Structure and Bonding:  The Duality of Amino Acids

Examine the following molecules and identify the functional groups in each.

ammonia                ethylamine                acetic acid                glycine

How would you characterize the acid-base behavior of the four molecules above?

What is unusual about the glycine molecule?

Glycine, the simplest of amino acids, is amphoteric. Amino acids are organic compounds that contain an amine group (-NH2) bonded to a carbon atom that is bonded to a carboxylic acid group (-COOH) as seen below.  

For glycine the R group is a hydrogen, H.  Other side chains or R groups make up other amino acids.  There are about 20 amino acids that naturally occur in nature. We can classify amino acids into four major groups, each characterized by its type of side chain: non-polar, polar but neutral, acidic, and basic.  Click here to go to a good site displaying the amino acids.

For glycine shown below, what has to happen for the neutral amino acid (on the left) to form the zwitterion on the right?

What makes the zwitterion unusual?

What is the overall charge or net charge on a zwitterion?

Here is another amino acid in the zwitterion form, redraw the neutral structure of leucine.


A zwitterion ion has both a positive and negative charge on the same structure due to the transfer of a hydrogen ion from the carboxylic acid group to the amine group.  The net charge on a zwitterion is zero.  This makes the carboxylate ion group act as a base and the protonated amine group act as a acid.  Complete the acid-base reactions for this behavior.

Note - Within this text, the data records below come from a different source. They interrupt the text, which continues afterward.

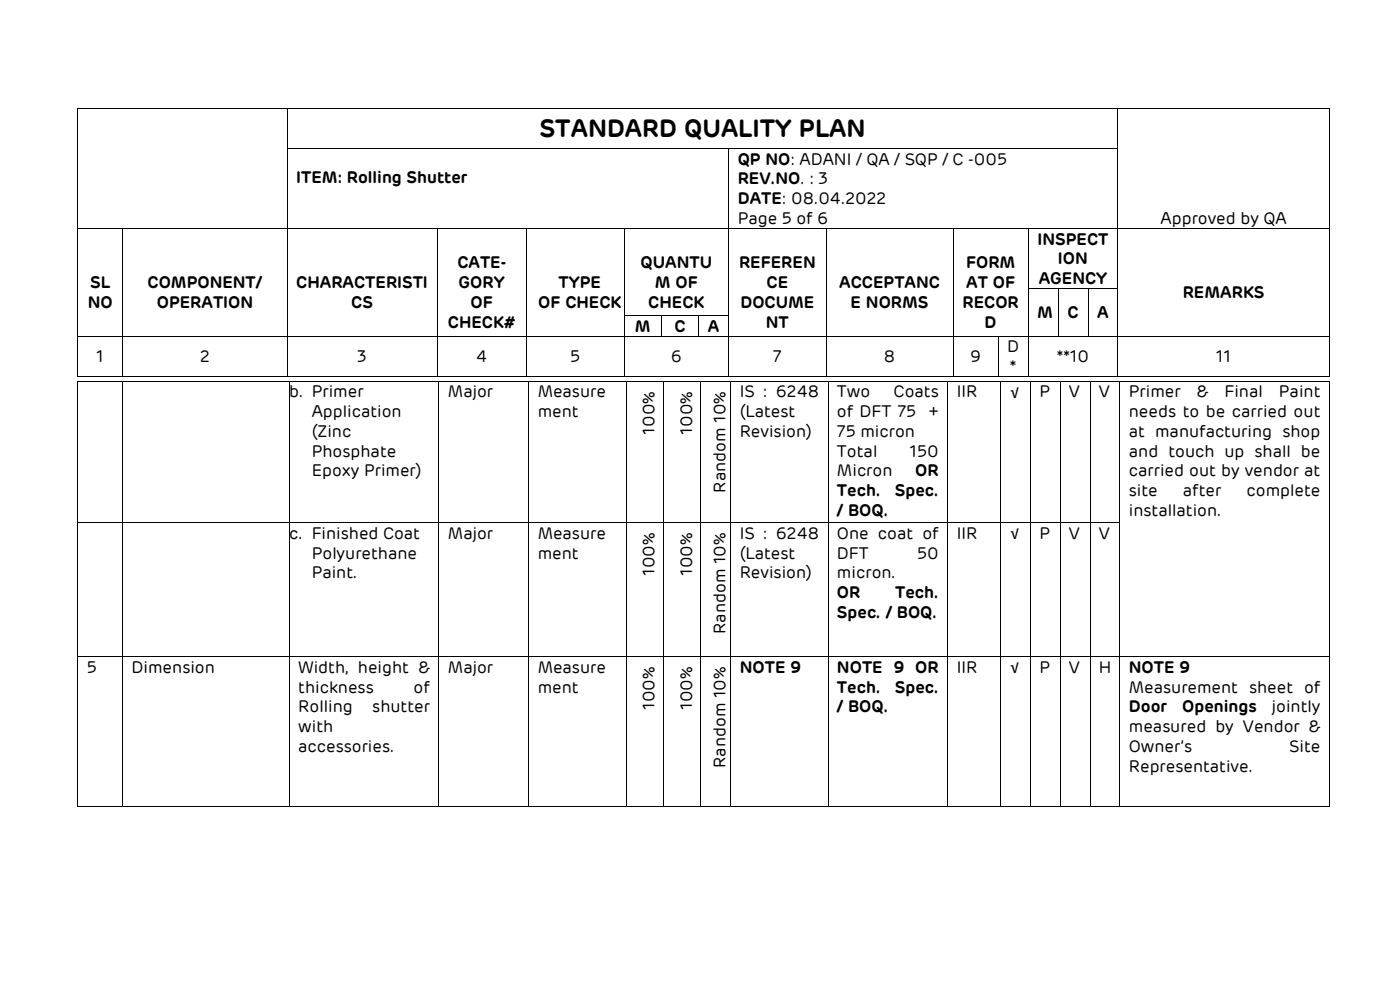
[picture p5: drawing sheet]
<svg xmlns="http://www.w3.org/2000/svg" width="297mm" height="210mm" viewBox="0 0 297 210" stroke-linecap="round" stroke-linejoin="round" font-family="sans-serif">
<defs><g id="words">
<text font-size="5.3" x="114.4" y="29">STANDARD QUALITY PLAN</text>
<g font-size="3.5">
<text x="156.5" y="34.9">QP NO: ADANI / QA / SQP / C -005</text>
<text x="62.8" y="38.9">ITEM: Rolling Shutter</text>
<text x="156.5" y="39.1">REV.NO. : 3</text>
<text x="156.5" y="43.3">DATE: 08.04.2022</text>
<text x="156.5" y="47.5">Page 5 of 6</text>
<text x="246.2" y="47.5">Approved by QA</text>
<text x="220.1" y="51.8">INSPECT</text>
<text x="97" y="56.9">CATE-</text>
<text x="135.9" y="56.8">QUANTU</text>
<text x="156.8" y="56.9">REFEREN</text>
<text x="204.9" y="56.9">FORM</text>
<text x="224.5" y="56">ION</text>
<text x="18.6" y="65.3">NO</text>
<text x="19.1" y="61.1">SL</text>
<text x="31.3" y="61.1">COMPONENT/</text>
<text x="33.3" y="65.3">OPERATION</text>
<text x="62.8" y="61.1">CHARACTERISTI</text>
<text x="74.5" y="65.3">CS</text>
<text x="97.3" y="61.1">GORY</text>
<text x="99.8" y="65.3">OF</text>
<text x="114.2" y="65.3">OF CHECK</text>
<text x="118.5" y="61.1">TYPE</text>
<text x="137.5" y="65.2">CHECK</text>
<text x="138.9" y="61">M OF</text>
<text x="157.1" y="65.3">DOCUME</text>
<text x="162.6" y="61.1">CE</text>
<text x="178.1" y="61.1">ACCEPTANC</text>
<text x="180.5" y="65.3">E NORMS</text>
<text x="204.2" y="65.3">RECOR</text>
<text x="205" y="61.1">AT OF</text>
<text x="220.4" y="60.2">AGENCY</text>
<text x="250.9" y="63.2">REMARKS</text>
<text x="95" y="69.5">CHECK#</text>
<text x="134.7" y="70.3">M</text>
<text x="143.1" y="70.3">C</text>
<text x="150.2" y="70.3">A</text>
<text x="162.5" y="69.5">NT</text>
<text x="208.9" y="69.5">D</text>
<text x="220" y="67.5">M</text>
<text x="226.4" y="67.5">C</text>
<text x="232.7" y="67.5">A</text>
<text x="20.4" y="76.8">1</text>
<text x="42.4" y="76.8">2</text>
<text x="75.8" y="76.8">3</text>
<text x="101" y="76.8">4</text>
<text x="121" y="76.8">5</text>
<text x="142.3" y="76.8">6</text>
<text x="164" y="76.8">7</text>
<text x="187.5" y="76.8">8</text>
<text x="205.8" y="76.8">9</text>
<text x="213.7" y="74.7">D</text>
<text x="224.2" y="76.8">**10</text>
<text x="258" y="76.8">11</text>
<text x="214.2" y="78.9">*</text>
<text x="61.4" y="84.2">b. Primer</text>
<text x="66.1" y="88.4">Application</text>
<text x="95" y="84.2">Major</text>
<text x="114.1" y="84.2">Measure</text>
<text x="114.1" y="88.4">ment</text>
<text x="156.9" y="84.2">IS : 6248</text>
<text x="156.9" y="88.4">(Latest</text>
<text x="177.6" y="84.2">Two</text>
<text x="177.6" y="88.4">of DFT 75</text>
<text x="189.6" y="84.2">Coats</text>
<text x="197" y="88.4">+</text>
<text x="203" y="84.2">IIR</text>
<text x="214.5" y="84.3">√</text>
<text x="220.6" y="84.2">P</text>
<text x="226.8" y="84.2">V</text>
<text x="233.1" y="84.2">V</text>
<text x="239.5" y="84.2">Primer</text>
<text x="239.5" y="88.4">needs to be carried out</text>
<text x="253.9" y="84.2">&amp;</text>
<text x="259.8" y="84.2">Final</text>
<text x="271.3" y="84.2">Paint</text>
<text x="66.1" y="92.6">(Zinc</text>
<text x="138.9" y="92.1" transform="rotate(-90 138.9 92.1)">100%</text>
<text x="146.8" y="92.1" transform="rotate(-90 146.8 92.1)">100%</text>
<text x="156.9" y="92.6">Revision)</text>
<text x="177.6" y="92.6">75 micron</text>
<text x="239.5" y="92.6">at manufacturing shop</text>
<text x="66.1" y="96.8">Phosphate</text>
<text x="66.1" y="101">Epoxy Primer)</text>
<text x="177.6" y="96.8">Total</text>
<text x="177.6" y="101">Micron</text>
<text x="193" y="96.8">150</text>
<text x="194.2" y="101">OR</text>
<text x="239.5" y="96.8">and touch up shall be</text>
<text x="239.5" y="101">carried out by vendor at</text>
<text x="153.9" y="104.4" transform="rotate(-90 153.9 104.4)">Random 10%</text>
<text x="177.6" y="105.2">Tech.</text>
<text x="189.9" y="105.2">Spec.</text>
<text x="239.5" y="105.2">site</text>
<text x="251" y="105.2">after</text>
<text x="264.5" y="105.2">complete</text>
<text x="177.6" y="109.4">/ BOQ.</text>
<text x="239.5" y="109.4">installation.</text>
<text x="61.4" y="114.2">c. Finished Coat</text>
<text x="66.1" y="118.4">Polyurethane</text>
<text x="95" y="114.2">Major</text>
<text x="114.1" y="114.2">Measure</text>
<text x="114.1" y="118.4">ment</text>
<text x="156.9" y="114.2">IS : 6248</text>
<text x="156.9" y="118.4">(Latest</text>
<text x="177.6" y="114.2">One coat of</text>
<text x="177.6" y="118.4">DFT</text>
<text x="194.6" y="118.4">50</text>
<text x="203" y="114.2">IIR</text>
<text x="214.5" y="114.3">√</text>
<text x="220.6" y="114.2">P</text>
<text x="226.8" y="114.2">V</text>
<text x="233.1" y="114.2">V</text>
<text x="66.1" y="122.6">Paint.</text>
<text x="138.9" y="122.1" transform="rotate(-90 138.9 122.1)">100%</text>
<text x="146.8" y="122.1" transform="rotate(-90 146.8 122.1)">100%</text>
<text x="156.9" y="122.6">Revision)</text>
<text x="177.6" y="122.6">micron.</text>
<text x="177.6" y="126.8">OR</text>
<text x="177.6" y="131">Spec. / BOQ.</text>
<text x="189.9" y="126.8">Tech.</text>
<text x="153.9" y="134.4" transform="rotate(-90 153.9 134.4)">Random 10%</text>
<text x="18.4" y="142.6">5</text>
<text x="27.9" y="142.6">Dimension</text>
<text x="63.3" y="142.6">Width, height &amp;</text>
<text x="95" y="142.6">Major</text>
<text x="114.1" y="142.6">Measure</text>
<text x="156.9" y="142.6">NOTE 9</text>
<text x="177.6" y="142.6">NOTE 9 OR</text>
<text x="203" y="142.6">IIR</text>
<text x="214.5" y="142.7">√</text>
<text x="220.6" y="142.6">P</text>
<text x="226.8" y="142.6">V</text>
<text x="233.1" y="142.6">H</text>
<text x="239.5" y="142.6">NOTE 9</text>
<text x="63.3" y="146.8">thickness</text>
<text x="87.7" y="146.8">of</text>
<text x="114.1" y="146.8">ment</text>
<text x="177.6" y="146.8">Tech.</text>
<text x="189.9" y="146.8">Spec.</text>
<text x="239.5" y="146.8">Measurement sheet of</text>
<text x="63.3" y="151">Rolling</text>
<text x="63.3" y="155.2">with</text>
<text x="79" y="151">shutter</text>
<text x="138.9" y="150.5" transform="rotate(-90 138.9 150.5)">100%</text>
<text x="146.8" y="150.5" transform="rotate(-90 146.8 150.5)">100%</text>
<text x="177.6" y="151">/ BOQ.</text>
<text x="239.5" y="151">Door</text>
<text x="239.5" y="155.2">measured by Vendor &amp;</text>
<text x="250.8" y="151">Openings</text>
<text x="269.8" y="151">jointly</text>
<text x="63.3" y="159.4">accessories.</text>
<text x="239.5" y="159.4">Owner’s</text>
<text x="273.5" y="159.4">Site</text>
<text x="153.9" y="162.8" transform="rotate(-90 153.9 162.8)">Random 10%</text>
<text x="239.5" y="163.6">Representative.</text>
</g>
</g></defs>
<g fill="#000">
<path d="M16.4 22.9h.2v.1h-.2zM16.4 31.4h.2v.2h-.2zM60.9 22.9h.1v.1h-.1zM60.9 31.4h.1v.2h-.1zM154.5 31.4h.2v.2h-.2zM237.1 22.9h.2v.1h-.2zM237.1 31.4h.2v.2h-.2zM282 22.9h.1v.1h-.1zM282 31.4h.1v.2h-.1zM16.4 48.4h.2v.1h-.2zM26 48.4h.1v.1h-.1zM60.9 48.4h.1v.1h-.1z"/>
<path d="M92.6 48.4h.2v.1h-.2zM111.7 48.4h.1v.1h-.1zM132.3 48.4h.2v.1h-.2zM154.5 48.4h.2v.1h-.2zM175.2 48.4h.1v.1h-.1zM202.2 48.4h.1v.1h-.1zM218 48.4h.2v.1h-.2zM237.1 48.4h.2v.1h-.2zM282 48.4h.1v.1h-.1zM16.4 61.1h.2v.2h-.2zM16.4 66.8h.2v.2h-.2zM16.4 71.2h.2v.2h-.2z"/>
<path d="M16.4 79.8h.2v.1h-.2zM26 61.1h.1v.2h-.1zM26 66.8h.1v.2h-.1zM26 71.2h.1v.2h-.1zM26 79.8h.1v.1h-.1zM60.9 61.1h.1v.2h-.1zM60.9 66.8h.1v.2h-.1zM60.9 71.2h.1v.2h-.1zM60.9 79.8h.1v.1h-.1zM92.6 61.1h.2v.2h-.2zM92.6 66.8h.2v.2h-.2zM92.6 71.2h.2v.2h-.2z"/>
<path d="M92.6 79.8h.2v.1h-.2zM111.7 61.1h.1v.2h-.1zM111.7 66.8h.1v.2h-.1zM111.7 71.2h.1v.2h-.1zM111.7 79.8h.1v.1h-.1zM132.3 61.1h.2v.2h-.2zM132.3 66.8h.2v.2h-.2zM132.3 71.2h.2v.2h-.2zM132.3 79.8h.2v.1h-.2zM140.3 66.8h.1v.2h-.1zM140.3 71.2h.1v.2h-.1zM148.2 66.8h.2v.2h-.2z"/>
<path d="M148.2 71.2h.2v.2h-.2zM154.5 61.1h.2v.2h-.2zM154.5 66.8h.2v.2h-.2zM154.5 71.2h.2v.2h-.2zM154.5 79.8h.2v.1h-.2zM175.2 61.1h.1v.2h-.1zM175.2 66.8h.1v.2h-.1zM175.2 71.2h.1v.2h-.1zM175.2 79.8h.1v.1h-.1zM202.2 61.1h.1v.2h-.1zM202.2 66.8h.1v.2h-.1zM202.2 71.2h.1v.2h-.1z"/>
<path d="M202.2 79.8h.1v.1h-.1zM211.7 71.2h.2v.2h-.2zM211.7 79.8h.2v.1h-.2zM218 61.1h.2v.2h-.2zM218 66.8h.2v.2h-.2zM218 71.2h.2v.2h-.2zM218 79.8h.2v.1h-.2zM224.4 61.1h.2v.2h-.2zM224.4 66.8h.2v.2h-.2zM224.4 71.2h.2v.2h-.2zM230.7 61.1h.2v.2h-.2zM230.7 66.8h.2v.2h-.2z"/>
<path d="M230.7 71.2h.2v.2h-.2zM237.1 61.1h.2v.2h-.2zM237.1 66.8h.2v.2h-.2zM237.1 71.2h.2v.2h-.2zM237.1 79.8h.2v.1h-.2zM282 61.1h.1v.2h-.1zM282 66.8h.1v.2h-.1zM282 71.2h.1v.2h-.1zM282 79.8h.1v.1h-.1zM16.4 80.8h.2v.1h-.2zM26 80.8h.1v.1h-.1zM61.3 80.8h.2v.1h-.2z"/>
<path d="M93 80.8h.2v.1h-.2zM112.1 80.8h.2v.1h-.2zM132.7 80.8h.2v.1h-.2zM140.7 80.8h.1v.1h-.1zM148.6 80.8h.2v.1h-.2zM155 80.8h.1v.1h-.1zM175.6 80.8h.2v.1h-.2zM201 80.8h.2v.1h-.2zM212.1 80.8h.2v.1h-.2zM218.5 80.8h.1v.1h-.1zM224.8 80.8h.2v.1h-.2zM231.2 80.8h.1v.1h-.1z"/>
<path d="M237.5 80.8h.2v.1h-.2zM282 80.8h.1v.1h-.1zM16.4 110.7h.2v.2h-.2zM26 110.7h.1v.2h-.1zM61.3 110.7h.2v.2h-.2zM93 110.7h.2v.2h-.2zM112.1 110.7h.2v.2h-.2zM132.7 110.7h.2v.2h-.2zM140.7 110.7h.1v.2h-.1zM148.6 110.7h.2v.2h-.2zM155 110.7h.1v.2h-.1zM175.6 110.7h.2v.2h-.2z"/>
<path d="M201 110.7h.2v.2h-.2zM212.1 110.7h.2v.2h-.2zM218.5 110.7h.1v.2h-.1zM224.8 110.7h.2v.2h-.2zM231.2 110.7h.1v.2h-.1zM237.5 110.7h.2v.2h-.2zM282 110.7h.1v.2h-.1zM16.4 139.1h.2v.2h-.2zM26 139.1h.1v.2h-.1zM61.3 139.1h.2v.2h-.2zM93 139.1h.2v.2h-.2zM112.1 139.1h.2v.2h-.2z"/>
<path d="M132.7 139.1h.2v.2h-.2zM140.7 139.1h.1v.2h-.1zM148.6 139.1h.2v.2h-.2zM155 139.1h.1v.2h-.1zM175.6 139.1h.2v.2h-.2zM201 139.1h.2v.2h-.2zM212.1 139.1h.2v.2h-.2zM218.5 139.1h.1v.2h-.1zM224.8 139.1h.2v.2h-.2zM231.2 139.1h.1v.2h-.1zM237.5 139.1h.2v.2h-.2zM282 139.1h.1v.2h-.1z"/>
<path d="M16.4 170.9h.2v.1h-.2zM26 170.9h.1v.1h-.1zM61.3 170.9h.2v.1h-.2zM93 170.9h.2v.1h-.2zM112.1 170.9h.2v.1h-.2zM132.7 170.9h.2v.1h-.2zM140.7 170.9h.1v.1h-.1zM148.6 170.9h.2v.1h-.2zM155 170.9h.1v.1h-.1zM175.6 170.9h.2v.1h-.2zM201 170.9h.2v.1h-.2zM212.1 170.9h.2v.1h-.2z"/>
<path d="M218.5 170.9h.1v.1h-.1zM224.8 170.9h.2v.1h-.2zM231.2 170.9h.1v.1h-.1zM237.5 170.9h.2v.1h-.2zM282 170.9h.1v.1h-.1z"/>
</g>
<g fill="none" stroke="#000" stroke-width=".21">
<path d="M16.5 23v8.4M16.5 31.6v16.8M16.6 22.9h44.3M61 23v8.4M61 31.6v16.8M61 22.9h176.1M61 31.5h93.5M154.6 31.6v16.8M154.7 31.5h82.4M237.2 23v8.4M237.2 31.6v16.8M237.3 22.9h44.7"/>
<path d="M282 23v8.4M282 31.6v16.8M16.5 48.5v12.6M16.6 48.5h9.3M26 48.5v12.6M26.1 48.5h34.8M61 48.5v12.6M61 48.5h31.6M92.7 48.5v12.6M92.8 48.5h18.9M111.8 48.5v12.6M111.8 48.5h20.5"/>
<path d="M132.4 48.5v12.6M132.5 48.5h22M154.6 48.5v12.6M154.7 48.5h20.5M175.3 48.5v12.6M175.3 48.5h26.9M202.2 48.5v12.6M202.3 48.5h15.7M218.1 48.5v12.6M218.2 48.5h18.9M237.2 48.5v12.6M237.3 48.5h44.7"/>
<path d="M282 48.5v12.6M16.5 61.3v5.5M16.5 67v4.2M16.5 71.4v8.4M16.6 71.3h9.3M16.6 79.9h9.3M26 61.3v5.5M26 67v4.2M26 71.4v8.4M26.1 71.3h34.8M26.1 79.9h34.8M61 61.3v5.5"/>
<path d="M61 67v4.2M61 71.4v8.4M61 71.3h31.6M61 79.9h31.6M92.7 61.3v5.5M92.7 67v4.2M92.7 71.4v8.4M92.8 71.3h18.9M92.8 79.9h18.9M111.8 61.3v5.5M111.8 67v4.2M111.8 71.4v8.4"/>
<path d="M111.8 71.3h20.5M111.8 79.9h20.5M132.4 61.3v5.5M132.4 67v4.2M132.4 71.4v8.4M132.5 66.9h7.7M132.5 71.3h7.7M132.5 79.9h22M140.3 67v4.2M140.4 66.9h7.8M140.4 71.3h7.8M148.3 67v4.2"/>
<path d="M148.4 66.9h6.1M148.4 71.3h6.1M154.6 61.3v5.5M154.6 67v4.2M154.6 71.4v8.4M154.7 71.3h20.5M154.7 79.9h20.5M175.3 61.3v5.5M175.3 67v4.2M175.3 71.4v8.4M175.3 71.3h26.9M175.3 79.9h26.9"/>
<path d="M202.2 61.3v5.5M202.2 67v4.2M202.2 71.4v8.4M202.3 71.3h9.4M202.3 79.9h9.4M211.8 71.4v8.4M211.9 71.3h6.1M211.9 79.9h6.1M218.1 61.3v5.5M218.1 67v4.2M218.1 71.4v8.4M218.2 61.2h6.2"/>
<path d="M218.2 71.3h6.2M218.2 79.9h18.9M224.5 61.3v5.5M224.5 67v4.2M224.6 61.2h6.1M224.6 71.3h6.1M230.8 61.3v5.5M230.8 67v4.2M230.9 61.2h6.2M230.9 71.3h6.2M237.2 61.3v5.5M237.2 67v4.2"/>
<path d="M237.2 71.4v8.4M237.3 71.3h44.7M237.3 79.9h44.7M282 61.3v5.5M282 67v4.2M282 71.4v8.4M16.5 80.9v29.8M16.6 80.8h9.3M26 80.9v29.8M26.1 80.8h35.2M61.4 80.9v29.8M61.5 80.8h31.5"/>
<path d="M93.1 80.9v29.8M93.2 80.8h18.9M112.2 80.9v29.8M112.3 80.8h20.4M132.8 80.9v29.8M132.9 80.8h7.8M140.8 80.9v29.8M140.8 80.8h7.8M148.7 80.9v29.8M148.8 80.8h6.2M155 80.9v29.8M155.1 80.8h20.5"/>
<path d="M175.7 80.9v29.8M175.8 80.8h25.2M201.1 80.9v29.8M201.2 80.8h10.9M212.2 80.9v29.8M212.3 80.8h6.2M218.5 80.9v29.8M218.6 80.8h6.2M224.9 80.9v29.8M225 80.8h6.2M231.2 80.9v29.8M231.3 80.8h6.2"/>
<path d="M237.6 80.9v29.8M237.7 80.8h44.3M282 80.9v29.8M16.5 110.9v28.2M16.6 110.8h9.3M26 110.9v28.2M26.1 110.8h35.2M61.4 110.9v28.2M61.5 110.8h31.5M93.1 110.9v28.2M93.2 110.8h18.9M112.2 110.9v28.2"/>
<path d="M112.3 110.8h20.4M132.8 110.9v28.2M132.9 110.8h7.8M140.8 110.9v28.2M140.8 110.8h7.8M148.7 110.9v28.2M148.8 110.8h6.2M155 110.9v28.2M155.1 110.8h20.5M175.7 110.9v28.2M175.8 110.8h25.2M201.1 110.9v28.2"/>
<path d="M201.2 110.8h10.9M212.2 110.9v28.2M212.3 110.8h6.2M218.5 110.9v28.2M218.6 110.8h6.2M224.9 110.9v28.2M225 110.8h6.2M231.2 110.9v28.2M231.3 110.8h6.2M237.6 110.9v28.2M282 110.9v28.2M16.5 139.3v31.6"/>
<path d="M16.6 139.2h9.3M26 139.3v31.6M26.1 139.2h35.2M61.4 139.3v31.6M61.5 139.2h31.5M93.1 139.3v31.6M93.2 139.2h18.9M112.2 139.3v31.6M112.3 139.2h20.4M132.8 139.3v31.6M132.9 139.2h7.8M140.8 139.3v31.6"/>
<path d="M140.8 139.2h7.8M148.7 139.3v31.6M148.8 139.2h6.2M155 139.3v31.6M155.1 139.2h20.5M175.7 139.3v31.6M175.8 139.2h25.2M201.1 139.3v31.6M201.2 139.2h10.9M212.2 139.3v31.6M212.3 139.2h6.2M218.5 139.3v31.6"/>
<path d="M218.6 139.2h6.2M224.9 139.3v31.6M225 139.2h6.2M231.2 139.3v31.6M231.3 139.2h6.2M237.6 139.3v31.6M237.7 139.2h44.3M282 139.3v31.6M16.6 171h9.3M26.1 171h35.2M61.5 171h31.5M93.2 171h18.9"/>
<path d="M112.3 171h20.4M132.9 171h7.8M140.8 171h7.8M148.8 171h6.2M155.1 171h20.5M175.8 171h25.2M201.2 171h10.9M212.3 171h6.2M218.6 171h6.2M225 171h6.2M231.3 171h6.2M237.7 171h44.3"/>
</g>
<use href="#words"/>
</svg>

        -COO-   +    _______       _______

        -NH3+   +   _______      _______    +    _______

Since amino acids have the capability of reacting with both acid and base, they naturally act as buffers. Amino acids are always in ionic form in aqueous solutions.

The zwitterion form of most amino acids is typical near pH = 7 (physiological pH).  Using glycine as an example, draw the structures of glycine that would be found at a very low pH (1-2) and at a very high pH (12-13).

 low pH high pH





What is the overall charge of the form at very low pH? _____    at very high pH? _____

As the pH increases, how does the charge on an amino acid change?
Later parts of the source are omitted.